The output pulse energy of the 775-nm laser as a function of the pulse energy of the 1550-nm laser. Inset: the measured pulse shape of the $\sim 97\text{-}\mu \mathrm{J}$ laser pulses.

The spectrum of the generated 775-nm laser with $\sim 97\text{-}\mu \mathrm{J}$ pulse energy was measured using an OSA with 0.02-nm resolution and is shown in Fig. 6. The laser was centered at $\sim 775\mathrm{nm}$, and an SNR of greater than $\sim 36\mathrm{dB}$ was achieved. Compared with the SNR of the fundamental laser (see Fig. 4), the SNR is much better due to the ASE filtering of the process of the double-frequency conversion.

Fig. 6

The measured spectrum of the 775-nm single-frequency linearly polarized laser with $\sim 97\text{-}\mu \mathrm{J}$ pulse energy. Inset: Zoomed-in spectrum of the laser.

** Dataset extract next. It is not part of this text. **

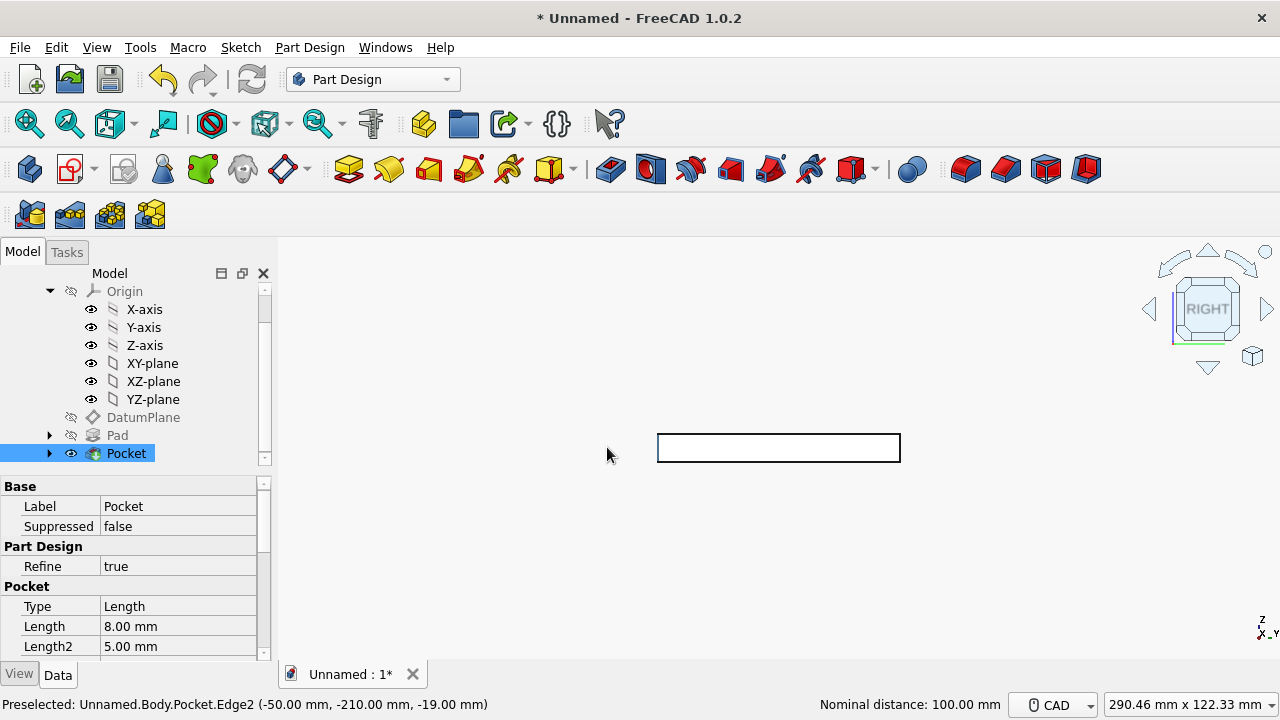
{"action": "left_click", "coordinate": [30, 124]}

The beam quality for the 775-nm laser with $\sim 97\text{-}\mu \mathrm{J}$ pulse energy was evaluated with a beam quality factor ($M^2$) in two orthogonal transverse directions $x$ and $y$ using a commercial beam profile analyzer (M2-200S, Ophir Photonics Inc.). As shown in Fig. 7 the beam quality factor ($M^2$) was measured to be 1.184 and 1.137 in the $x$- and $y$-directions, respectively. Nearly diffraction limited beam quality was achieved.

Fig. 7

The measured beam quality factor ($M^2$) of the 775-nm single-frequency linearly polarized laser with $\sim 97\text{-}\mu \mathrm{J}$ pulse energy.

4.

Conclusion

We have successfully implemented a high-energy, single-frequency, linearly polarized, near-diffraction-limited ($M^2<1.2$), nanosecond, low repetition rate pulsed laser at 775 nm by frequency doubling of an all-fiber MOPA seeded by a single-frequency DFB laser diode. The 775-nm laser can produce $\sim 97\text{-}\mu \mathrm{J}$, $\sim 4.8\text{-}\mathrm{ns}$ laser pulses with 260-Hz repetition rate and $\sim 15\text{-}\mathrm{dB}$ PER. It is believed that the laser can be used for a lot of applications, including remote sensing, optical metrology, material processing, etc.